The notion of coupling existing small molecules or biologics with cell therapy in the clinic is really intriguing. If you can get these increases in therapeutic efficacy that we’ve seen in preclinical models, it may be clinically meaningful. Although that sort of strategy obviously creates clinical and logistical challenges – cell therapy is already pretty taxing on the patient and clinical infrastructure, with lymphodepletion prior to cell infusion, and sometimes giving IL-2 afterwards. Adding in another small molecule to the platform will take some work. This might be a little easier with some of the compounds we saw efficacy with, like birinapant and tosedostat, because they’ve been in the clinic in other settings.

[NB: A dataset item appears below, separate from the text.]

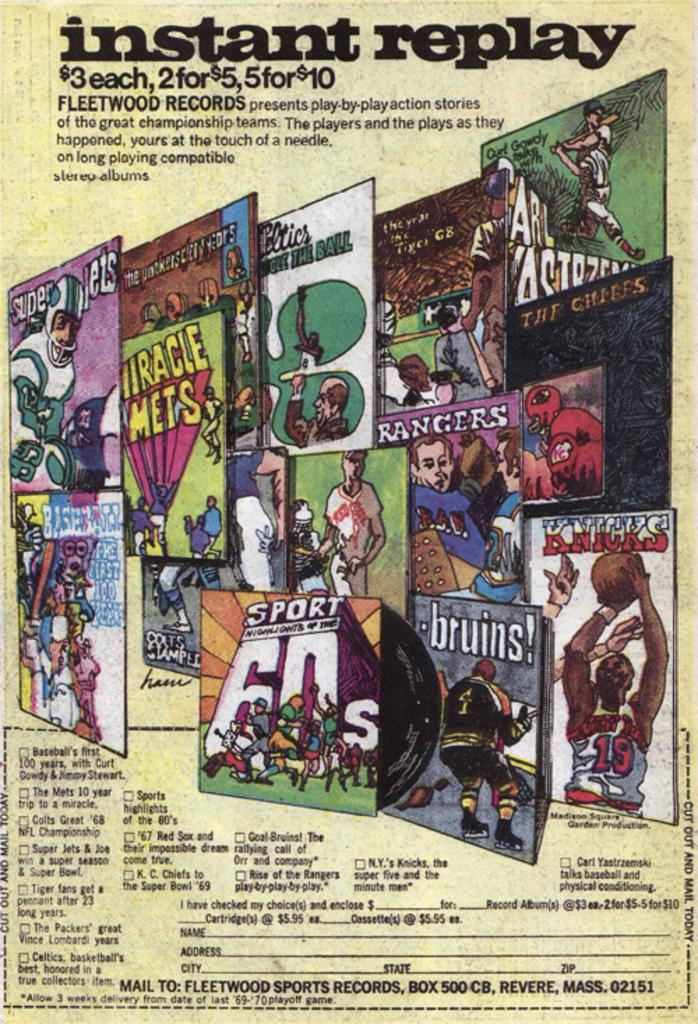<image>
Give a short and clear explanation of the subsequent image. a poster that has instant replay written on it

What is the coolest thing you’ve learned recently outside of work?
Each of us has ventured out into the industry of science. As is clear from our scientific efforts, each of us seeks to fully turn novel scientific insights into treatments for patients. Each of us continues to love to deeply reveal biologic principals – especially questions underlying cancer immunotherapies – but we want to use this information not only to get scientific promotions, funding, and awards, but to directly help those afflicted by cancer. Thus, the science is the same and the work carries many of the same skills and passions, but the scale of the work, and the style of communication are very different between industry and academia. It seems clear that the right mix of industry and academia is the most efficient path to breakthrough therapies.